NBA talks on Thursday indicate hope. NBA owners and players made progress toward a new labor deal after more than seven hours of negotiations, which came after a 15-hour marathon session that went well into Thursday morning, commissioner David Stern pointed to Friday’s scheduled TALKS as the day the sides finally might find common ground.
After two days of varying levels of progress, in collective bargaining, the NBA appears to be ready to make a compromise with its players that could end the lockout as early as Friday. Stern wore a confident grin, and his optimism was so evident when he addressed the media that when asked if it would be a failure by all involved if a deal is not made in the next few days, he replied, “Yes.”
Union executive director Billy Hunter also said he believed “we’re within striking distance of getting a deal,” but he added, “It’s just a question of how receptive the NBA is and whether they want to do a deal.”

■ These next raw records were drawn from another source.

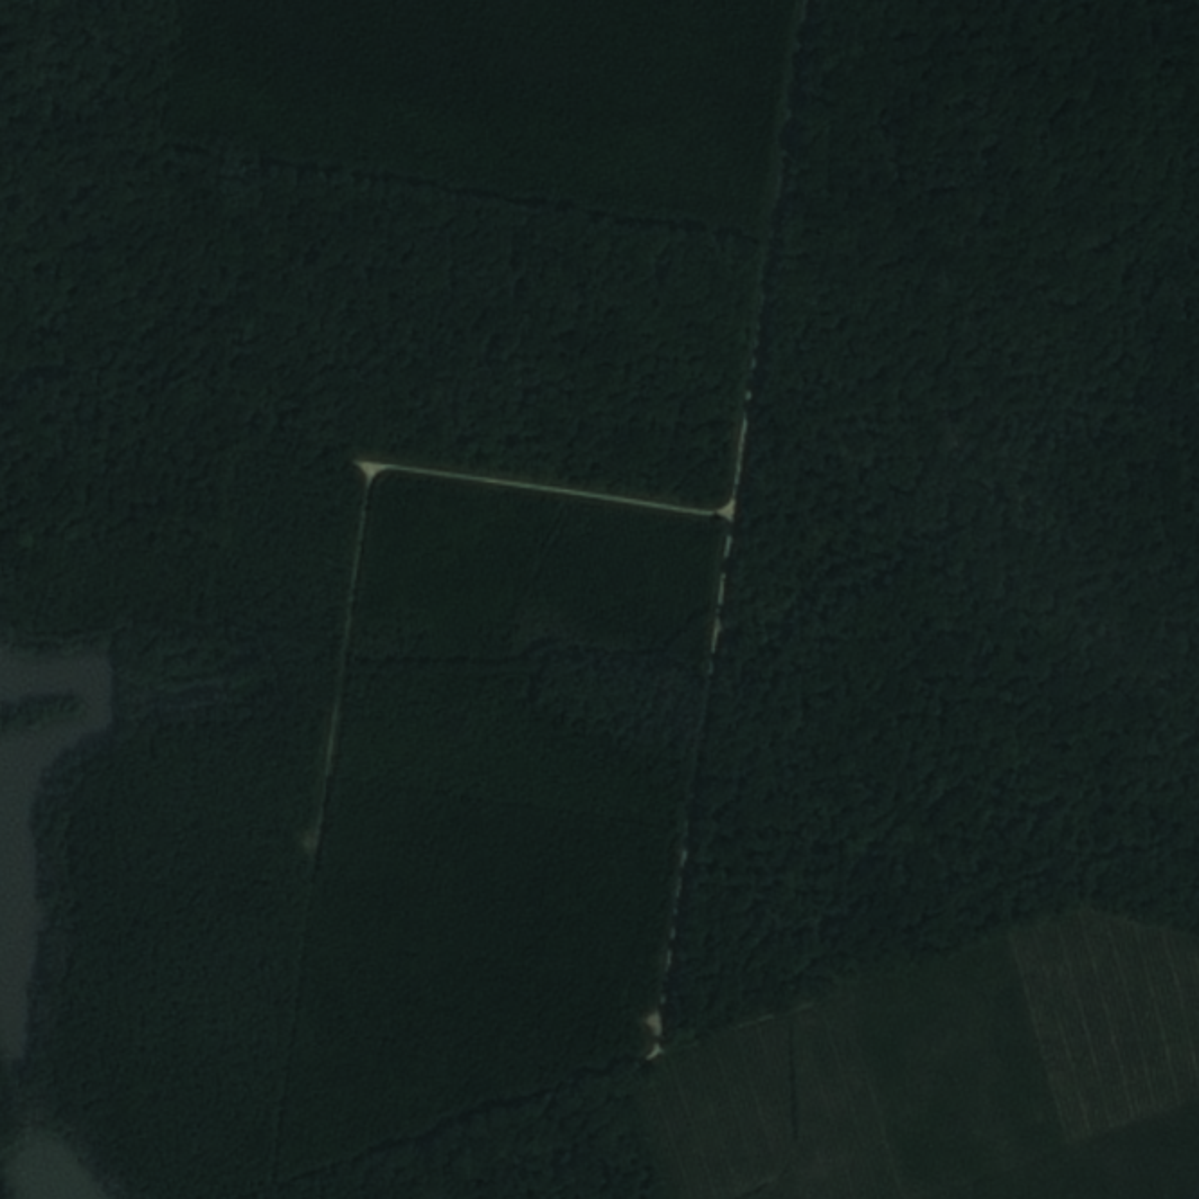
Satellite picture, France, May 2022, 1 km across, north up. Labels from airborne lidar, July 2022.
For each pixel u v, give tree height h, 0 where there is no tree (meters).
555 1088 9
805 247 19
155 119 19
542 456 19
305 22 10
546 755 8
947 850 25
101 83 23
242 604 18
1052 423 29
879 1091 0
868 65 25
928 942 22
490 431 24
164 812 13
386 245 19
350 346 20
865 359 27
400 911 11
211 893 13
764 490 19
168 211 21
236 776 12
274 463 14
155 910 16
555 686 19
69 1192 0
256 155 11
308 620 17
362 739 8
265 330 25
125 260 23
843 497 28
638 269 25
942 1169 0
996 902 26
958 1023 0
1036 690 28
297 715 17
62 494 26
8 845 0
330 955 12
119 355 22
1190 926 26
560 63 8
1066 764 22
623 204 8
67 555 17
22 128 27
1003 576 17
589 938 10
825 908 20
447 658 6
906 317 21
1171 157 24
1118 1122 0
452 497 7
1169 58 20
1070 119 25
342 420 23
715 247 22
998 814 23
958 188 21
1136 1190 0
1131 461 22
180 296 26
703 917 24
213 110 9
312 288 24
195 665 18
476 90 11
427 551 7
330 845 10
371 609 8
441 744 8
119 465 25
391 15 10
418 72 9
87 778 24
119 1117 17
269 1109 15
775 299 20
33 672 0
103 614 17
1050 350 25
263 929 15
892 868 28
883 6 26
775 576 24
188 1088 14
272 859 14
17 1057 0
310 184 25
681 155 8
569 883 11
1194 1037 0
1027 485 25
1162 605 22
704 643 11
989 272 24
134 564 18
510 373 22
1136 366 26
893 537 27
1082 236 27
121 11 23
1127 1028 0
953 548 24
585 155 10
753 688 28
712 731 20
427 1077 11
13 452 28
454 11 10
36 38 26
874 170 24
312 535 15
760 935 25
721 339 24
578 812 8
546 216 21
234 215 24
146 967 17
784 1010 22
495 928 11
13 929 0
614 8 9
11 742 0
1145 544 23
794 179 20
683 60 9
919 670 29
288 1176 12
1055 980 0
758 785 27
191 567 17
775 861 17
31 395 33
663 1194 26
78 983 15
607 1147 27
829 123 22
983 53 25
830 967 23
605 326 23
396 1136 12
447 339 25
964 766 27
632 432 30
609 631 7
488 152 9
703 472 25
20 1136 15
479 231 23
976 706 25
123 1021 15
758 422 23
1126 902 17
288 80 9
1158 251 28
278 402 21
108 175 22
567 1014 13
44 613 18
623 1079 23
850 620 25
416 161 11
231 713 13
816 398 23
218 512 26
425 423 22
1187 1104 0
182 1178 15
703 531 6
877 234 24
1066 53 23
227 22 9
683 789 16
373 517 7
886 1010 0
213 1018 14
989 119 22
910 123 29
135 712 20
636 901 10
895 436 21
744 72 8
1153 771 26
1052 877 21
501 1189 25
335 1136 12
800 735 28
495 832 11
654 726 25
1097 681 28
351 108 8
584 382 26
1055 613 21
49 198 26
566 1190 27
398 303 25
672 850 10
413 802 12
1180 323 24
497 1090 13
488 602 7
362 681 7
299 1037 12
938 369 26
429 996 13
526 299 24
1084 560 21
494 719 7
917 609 23
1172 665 28
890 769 28
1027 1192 0
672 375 26
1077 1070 0
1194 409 30
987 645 25
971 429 26
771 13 9
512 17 10
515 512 7
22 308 26
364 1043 12
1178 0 30
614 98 10
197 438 26
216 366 29
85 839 16
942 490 24
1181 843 31
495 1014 14
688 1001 30
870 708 27
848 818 30

Stern insisted the league would be prepared to make the moves necessary to close the remaining gaps — the largest involving the split of league revenue, or Basketball Related Income (BRI) — during Friday’s negotiating session.
The sides, weary from a 3 a.m. finish to talks earlier that morning, decided to end talks at about 9 o’clock Thursday night to rest up for what could be another long day, and night, of negotiating.

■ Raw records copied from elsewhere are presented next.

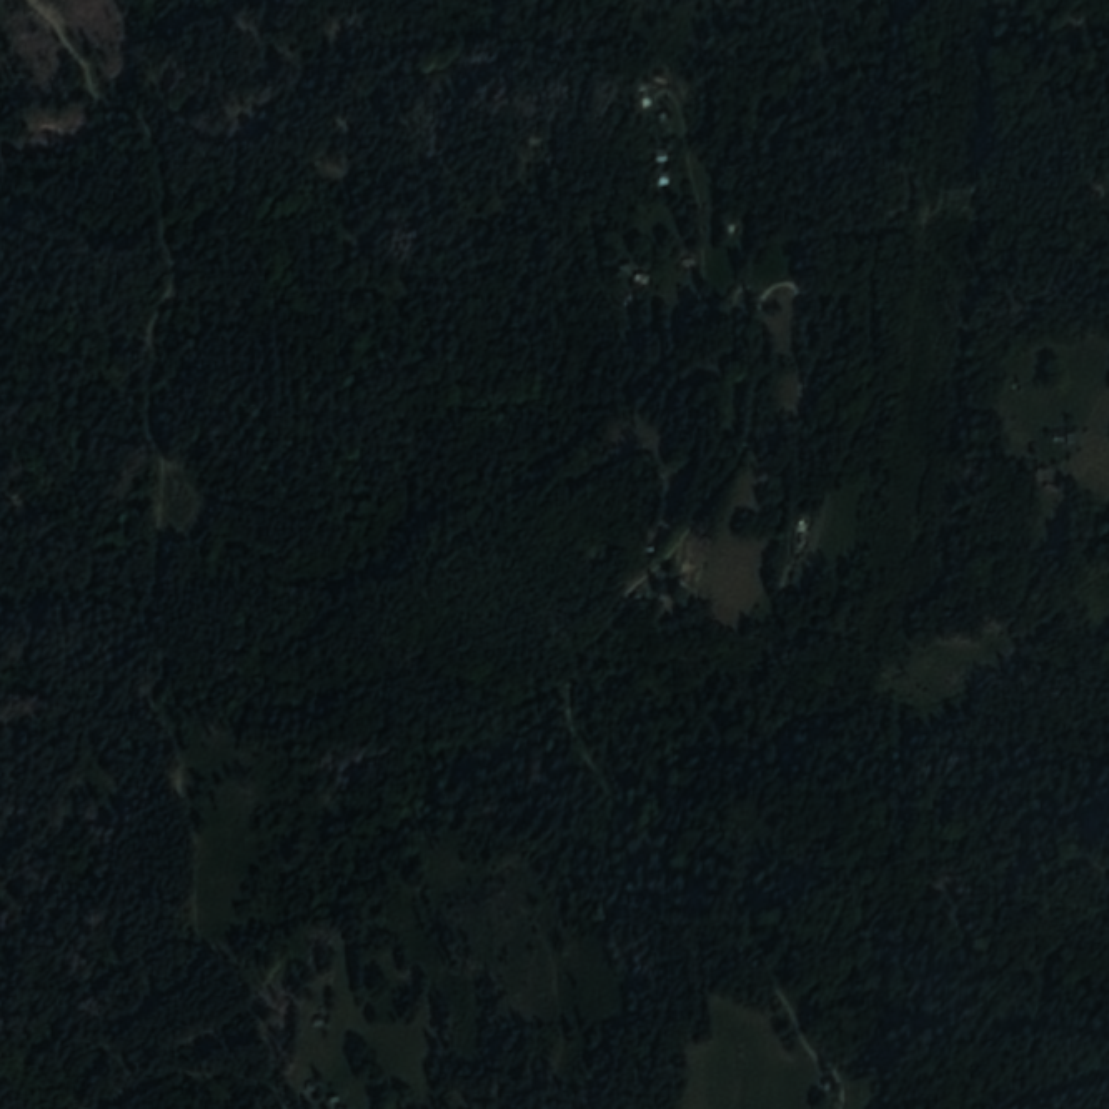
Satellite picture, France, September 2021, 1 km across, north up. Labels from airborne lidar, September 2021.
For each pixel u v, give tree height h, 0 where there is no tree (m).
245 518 29
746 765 21
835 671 30
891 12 8
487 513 19
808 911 20
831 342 15
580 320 28
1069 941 31
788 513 20
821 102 28
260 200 18
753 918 12
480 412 19
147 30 19
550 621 17
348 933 23
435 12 18
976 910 27
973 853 31
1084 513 19
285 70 31
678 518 28
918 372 6
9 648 31
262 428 19
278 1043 21
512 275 24
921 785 36
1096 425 0
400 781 15
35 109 16
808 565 0
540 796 22
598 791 14
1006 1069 28
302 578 18
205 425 25
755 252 21
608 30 17
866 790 41
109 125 10
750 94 28
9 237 24
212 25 29
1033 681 32
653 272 22
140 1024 32
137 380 27
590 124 26
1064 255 24
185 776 0
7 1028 34
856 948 30
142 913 26
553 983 0
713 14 7
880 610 13
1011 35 9
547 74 16
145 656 25
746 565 0
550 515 25
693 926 22
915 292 21
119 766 31
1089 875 33
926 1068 27
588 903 18
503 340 26
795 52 28
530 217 32
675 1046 22
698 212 15
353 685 21
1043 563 17
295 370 25
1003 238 25
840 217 25
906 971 30
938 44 20
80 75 13
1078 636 31
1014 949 29
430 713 26
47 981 10
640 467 23
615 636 13
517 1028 7
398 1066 0
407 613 26
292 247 31
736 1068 0
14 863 29
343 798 24
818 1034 30
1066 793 24
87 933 28
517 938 0
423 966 0
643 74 19
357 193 22
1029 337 20
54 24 0
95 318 28
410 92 29
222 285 28
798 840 30
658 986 25
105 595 20
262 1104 27
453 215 32
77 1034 31
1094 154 19
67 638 31
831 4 26
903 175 15
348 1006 0
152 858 25
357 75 34
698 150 18
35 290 29
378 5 25
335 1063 0
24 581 18
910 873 28
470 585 18
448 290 23
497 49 24
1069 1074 20
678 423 26
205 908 0
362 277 25
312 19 23
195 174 28
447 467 28
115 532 23
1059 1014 26
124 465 27
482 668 29
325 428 24
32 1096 16
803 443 15
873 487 19
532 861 18
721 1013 0
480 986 7
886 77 22
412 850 20
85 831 24
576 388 19
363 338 13
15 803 31
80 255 29
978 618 27
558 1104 17
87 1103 29
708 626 24
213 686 12
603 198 17
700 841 20
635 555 21
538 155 9
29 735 8
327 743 26
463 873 0
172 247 16
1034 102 23
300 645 18
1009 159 24
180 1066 13
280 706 20
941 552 8
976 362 22
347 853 27
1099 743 33
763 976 26
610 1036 13
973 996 24
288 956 11
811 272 25
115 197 24
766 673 25
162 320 10
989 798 28
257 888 8
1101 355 0
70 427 16
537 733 15
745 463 9
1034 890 22
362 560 22
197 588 21
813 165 35
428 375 29
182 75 25
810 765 34
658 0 14
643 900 14
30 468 12
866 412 24
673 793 24
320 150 30
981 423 28
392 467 21
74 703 19
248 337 25
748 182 22
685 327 21
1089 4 28
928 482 8
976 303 21
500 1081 23
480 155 30
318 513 21
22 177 23
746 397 22
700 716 6
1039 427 0
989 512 23
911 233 13
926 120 26
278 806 10
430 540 25
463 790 31
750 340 23
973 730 32
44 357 17
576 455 25
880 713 32
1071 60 23
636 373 28
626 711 30
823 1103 17
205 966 30

“There are no guarantees we’ll get it,” Stern said. “But we’ll give it one heck of a shot [Friday].” Hunter said the sides will “spend as much time as we possibly need in the hopes of making a deal.”

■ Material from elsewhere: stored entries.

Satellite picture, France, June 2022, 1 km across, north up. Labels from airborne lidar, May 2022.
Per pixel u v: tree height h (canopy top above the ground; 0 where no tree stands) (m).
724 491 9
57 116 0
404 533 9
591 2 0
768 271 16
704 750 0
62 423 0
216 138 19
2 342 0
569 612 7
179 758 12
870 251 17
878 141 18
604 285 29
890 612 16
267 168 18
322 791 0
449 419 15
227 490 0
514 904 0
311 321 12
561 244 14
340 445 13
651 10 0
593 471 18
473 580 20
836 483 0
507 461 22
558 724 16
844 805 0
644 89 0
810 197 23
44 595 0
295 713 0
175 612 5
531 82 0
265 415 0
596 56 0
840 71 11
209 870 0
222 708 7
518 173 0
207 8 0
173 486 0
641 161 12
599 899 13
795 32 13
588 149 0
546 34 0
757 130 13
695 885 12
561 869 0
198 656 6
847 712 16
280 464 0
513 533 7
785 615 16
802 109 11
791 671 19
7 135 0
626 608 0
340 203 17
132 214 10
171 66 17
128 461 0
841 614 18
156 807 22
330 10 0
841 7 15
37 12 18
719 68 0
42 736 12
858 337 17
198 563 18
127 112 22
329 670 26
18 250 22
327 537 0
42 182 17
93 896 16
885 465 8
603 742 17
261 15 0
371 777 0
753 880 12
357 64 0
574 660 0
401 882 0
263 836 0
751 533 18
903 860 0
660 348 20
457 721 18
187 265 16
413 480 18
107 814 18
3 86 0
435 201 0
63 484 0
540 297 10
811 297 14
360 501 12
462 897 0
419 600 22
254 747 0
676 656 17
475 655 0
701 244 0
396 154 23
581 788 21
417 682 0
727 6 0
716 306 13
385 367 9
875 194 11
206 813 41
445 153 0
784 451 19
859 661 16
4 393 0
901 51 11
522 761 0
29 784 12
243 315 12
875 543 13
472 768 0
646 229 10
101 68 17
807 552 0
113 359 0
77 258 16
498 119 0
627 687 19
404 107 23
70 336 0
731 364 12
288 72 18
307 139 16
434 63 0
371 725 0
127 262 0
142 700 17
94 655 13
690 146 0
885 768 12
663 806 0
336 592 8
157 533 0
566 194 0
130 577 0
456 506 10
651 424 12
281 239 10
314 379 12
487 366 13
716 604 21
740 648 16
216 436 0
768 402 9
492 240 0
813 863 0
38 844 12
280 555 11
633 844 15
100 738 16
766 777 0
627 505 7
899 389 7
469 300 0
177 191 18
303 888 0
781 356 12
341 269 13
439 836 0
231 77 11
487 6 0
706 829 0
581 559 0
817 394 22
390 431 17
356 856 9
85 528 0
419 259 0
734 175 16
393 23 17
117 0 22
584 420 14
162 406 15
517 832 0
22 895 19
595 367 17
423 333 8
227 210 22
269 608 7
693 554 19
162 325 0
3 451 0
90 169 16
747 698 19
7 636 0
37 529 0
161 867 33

The salary-cap system remained the priority after there was progress on several points, according to a person with knowledge of the situation, such as the length of guaranteed contracts, the revamping of the midlevel exception and the terms of an amnesty clause to eliminate one contract as a cap hit once a new deal is reached.
The sides still had to hammer out specifics on the luxury tax rate, but that likely won’t be completely settled until the sides reach a compromise on the BRI split, an estimated $4 billion. There has to be progress made on this issue before the perception of an agreement on the horizon can become reality. With a smiling Stern sitting in on his news conference, Hunter pointed to his counterpart when asked at what point BRI would return to the front burner.
“David Stern is sitting back there. I believe he can tell you,” Hunter said. “Tomorrow!” Stern yelled with a grin.